> _Action item_:
Reproduce the whole listing exactly, omitting any picture it holds.

> _Data under study_:
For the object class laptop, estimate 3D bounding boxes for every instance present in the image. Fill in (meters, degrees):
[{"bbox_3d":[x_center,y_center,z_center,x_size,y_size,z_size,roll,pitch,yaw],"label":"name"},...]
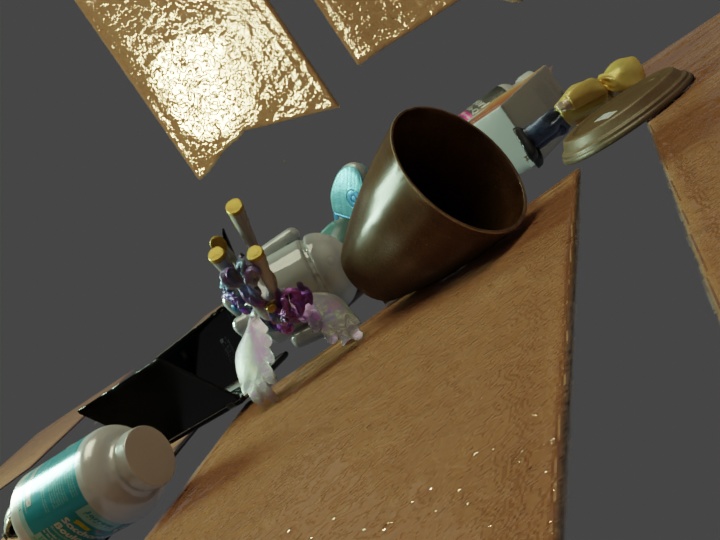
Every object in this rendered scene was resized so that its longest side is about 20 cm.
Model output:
[{"bbox_3d":[-0.225,0.080,1.737,0.200,0.116,0.188,-39,-31,-15],"label":"laptop"},{"bbox_3d":[-0.234,0.151,1.584,0.187,0.116,0.200,-31,8,37],"label":"laptop"}]

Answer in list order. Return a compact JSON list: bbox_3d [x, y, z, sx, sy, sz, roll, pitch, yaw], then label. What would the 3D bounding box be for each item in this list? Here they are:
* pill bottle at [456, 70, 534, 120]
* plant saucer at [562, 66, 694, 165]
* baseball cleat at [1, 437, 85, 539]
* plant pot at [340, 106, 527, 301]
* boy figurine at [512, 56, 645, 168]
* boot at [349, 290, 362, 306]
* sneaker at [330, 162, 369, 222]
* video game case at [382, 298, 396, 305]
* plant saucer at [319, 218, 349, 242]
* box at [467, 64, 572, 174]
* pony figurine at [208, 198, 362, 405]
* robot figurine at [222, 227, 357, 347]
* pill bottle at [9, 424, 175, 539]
[{"bbox_3d":[0.237,-0.247,2.033,0.200,0.117,0.116,-37,6,-4],"label":"pill bottle"},{"bbox_3d":[0.344,-0.207,1.549,0.200,0.030,0.200,-36,7,5],"label":"plant saucer"},{"bbox_3d":[-0.461,0.339,1.795,0.200,0.070,0.106,-46,12,3],"label":"baseball cleat"},{"bbox_3d":[0.065,-0.057,1.404,0.200,0.187,0.187,-50,-4,39],"label":"plant pot"},{"bbox_3d":[0.317,-0.227,1.679,0.199,0.065,0.124,-32,-21,11],"label":"boy figurine"},{"bbox_3d":[0.000,0.000,1.765,0.186,0.064,0.200,-37,2,13],"label":"boot"},{"bbox_3d":[0.018,-0.112,2.017,0.079,0.201,0.130,27,43,32],"label":"sneaker"},{"bbox_3d":[0.117,-0.032,1.544,0.200,0.019,0.143,-34,6,14],"label":"video game case"},{"bbox_3d":[-0.077,-0.005,1.841,0.200,0.027,0.200,-52,9,12],"label":"plant saucer"},{"bbox_3d":[0.231,-0.213,1.851,0.152,0.107,0.200,-31,8,38],"label":"box"},{"bbox_3d":[-0.108,0.037,1.436,0.166,0.200,0.193,-29,41,0],"label":"pony figurine"},{"bbox_3d":[-0.087,0.022,1.618,0.199,0.170,0.113,-28,-22,5],"label":"robot figurine"},{"bbox_3d":[-0.296,0.243,1.324,0.200,0.111,0.111,-33,7,34],"label":"pill bottle"}]
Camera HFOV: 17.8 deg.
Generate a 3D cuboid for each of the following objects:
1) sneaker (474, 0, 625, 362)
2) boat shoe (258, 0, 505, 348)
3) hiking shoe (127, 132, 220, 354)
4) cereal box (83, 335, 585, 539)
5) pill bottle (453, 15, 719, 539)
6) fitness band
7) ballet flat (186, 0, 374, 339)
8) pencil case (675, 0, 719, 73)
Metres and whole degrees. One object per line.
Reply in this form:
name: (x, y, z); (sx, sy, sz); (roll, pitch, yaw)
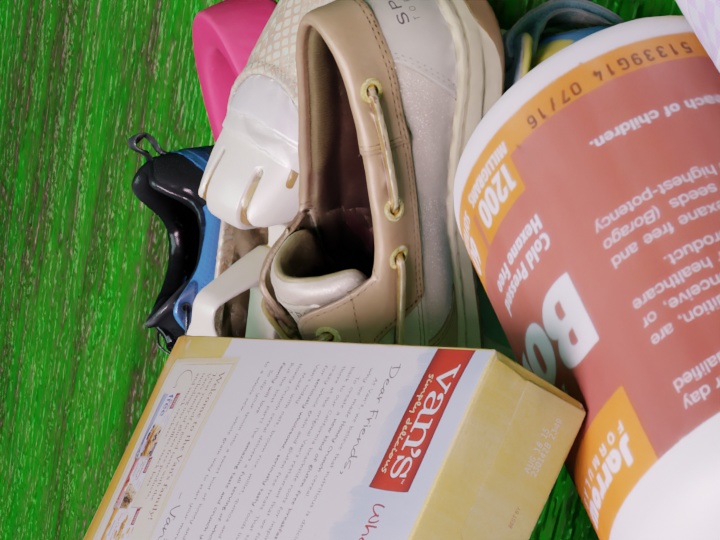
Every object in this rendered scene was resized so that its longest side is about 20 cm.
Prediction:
sneaker: (0.049, -0.071, 0.814); (0.201, 0.079, 0.131); (64, 146, 29)
boat shoe: (0.000, 0.000, 0.770); (0.074, 0.066, 0.201); (33, 125, 55)
hiking shoe: (-0.056, 0.038, 1.033); (0.074, 0.086, 0.201); (142, 122, -61)
cereal box: (-0.028, 0.091, 0.681); (0.200, 0.039, 0.144); (1, 62, 61)
pill bottle: (0.108, 0.033, 0.650); (0.112, 0.112, 0.201); (113, 145, -43)
fitness band: (-0.019, -0.015, 0.935); (0.144, 0.037, 0.201); (170, 80, -80)
ballet flat: (-0.030, -0.009, 0.825); (0.067, 0.062, 0.201); (27, 122, 40)
pencil case: (0.114, -0.119, 0.658); (0.091, 0.083, 0.200); (-65, 36, 36)

> _Answer to this task_:
For the object class laptop, estimate 3D bounding boxes for every instance present in the image. Fill in (meters, degrees):
[{"bbox_3d":[x_center,y_center,z_center,x_size,y_size,z_size,roll,pitch,yaw],"label":"name"},...]
Every object in this rendered scene was resized so that its longest side is about 20 cm.
Model output:
[{"bbox_3d":[-0.225,0.080,1.737,0.200,0.116,0.188,-39,-31,-15],"label":"laptop"},{"bbox_3d":[-0.234,0.151,1.584,0.187,0.116,0.200,-31,8,37],"label":"laptop"}]

Answer in list order. Return a compact JSON list: bbox_3d [x, y, z, sx, sy, sz, roll, pitch, yaw], then label. What would the 3D bounding box be for each item in this list? Here they are:
* pill bottle at [456, 70, 534, 120]
* plant saucer at [562, 66, 694, 165]
* baseball cleat at [1, 437, 85, 539]
* plant pot at [340, 106, 527, 301]
* boy figurine at [512, 56, 645, 168]
* boot at [349, 290, 362, 306]
* sneaker at [330, 162, 369, 222]
* video game case at [382, 298, 396, 305]
* plant saucer at [319, 218, 349, 242]
* box at [467, 64, 572, 174]
* pony figurine at [208, 198, 362, 405]
* robot figurine at [222, 227, 357, 347]
* pill bottle at [9, 424, 175, 539]
[{"bbox_3d":[0.237,-0.247,2.033,0.200,0.117,0.116,-37,6,-4],"label":"pill bottle"},{"bbox_3d":[0.344,-0.207,1.549,0.200,0.030,0.200,-36,7,5],"label":"plant saucer"},{"bbox_3d":[-0.461,0.339,1.795,0.200,0.070,0.106,-46,12,3],"label":"baseball cleat"},{"bbox_3d":[0.065,-0.057,1.404,0.200,0.187,0.187,-50,-4,39],"label":"plant pot"},{"bbox_3d":[0.317,-0.227,1.679,0.199,0.065,0.124,-32,-21,11],"label":"boy figurine"},{"bbox_3d":[0.000,0.000,1.765,0.186,0.064,0.200,-37,2,13],"label":"boot"},{"bbox_3d":[0.018,-0.112,2.017,0.079,0.201,0.130,27,43,32],"label":"sneaker"},{"bbox_3d":[0.117,-0.032,1.544,0.200,0.019,0.143,-34,6,14],"label":"video game case"},{"bbox_3d":[-0.077,-0.005,1.841,0.200,0.027,0.200,-52,9,12],"label":"plant saucer"},{"bbox_3d":[0.231,-0.213,1.851,0.152,0.107,0.200,-31,8,38],"label":"box"},{"bbox_3d":[-0.108,0.037,1.436,0.166,0.200,0.193,-29,41,0],"label":"pony figurine"},{"bbox_3d":[-0.087,0.022,1.618,0.199,0.170,0.113,-28,-22,5],"label":"robot figurine"},{"bbox_3d":[-0.296,0.243,1.324,0.200,0.111,0.111,-33,7,34],"label":"pill bottle"}]
Camera HFOV: 17.8 deg.
Generate a 3D cuboid for each of the following objects:
1) sneaker (474, 0, 625, 362)
2) boat shoe (258, 0, 505, 348)
3) hiking shoe (127, 132, 220, 354)
4) cereal box (83, 335, 585, 539)
5) pill bottle (453, 15, 719, 539)
6) fitness band
7) ballet flat (186, 0, 374, 339)
8) pencil case (675, 0, 719, 73)
Metres and whole degrees. One object per line.
Reply in this form:
name: (x, y, z); (sx, sy, sz); (roll, pitch, yaw)
Every object in this rendered scene was resized so that its longest side is about 20 cm.
Prediction:
sneaker: (0.049, -0.071, 0.814); (0.201, 0.079, 0.131); (64, 146, 29)
boat shoe: (0.000, 0.000, 0.770); (0.074, 0.066, 0.201); (33, 125, 55)
hiking shoe: (-0.056, 0.038, 1.033); (0.074, 0.086, 0.201); (142, 122, -61)
cereal box: (-0.028, 0.091, 0.681); (0.200, 0.039, 0.144); (1, 62, 61)
pill bottle: (0.108, 0.033, 0.650); (0.112, 0.112, 0.201); (113, 145, -43)
fitness band: (-0.019, -0.015, 0.935); (0.144, 0.037, 0.201); (170, 80, -80)
ballet flat: (-0.030, -0.009, 0.825); (0.067, 0.062, 0.201); (27, 122, 40)
pencil case: (0.114, -0.119, 0.658); (0.091, 0.083, 0.200); (-65, 36, 36)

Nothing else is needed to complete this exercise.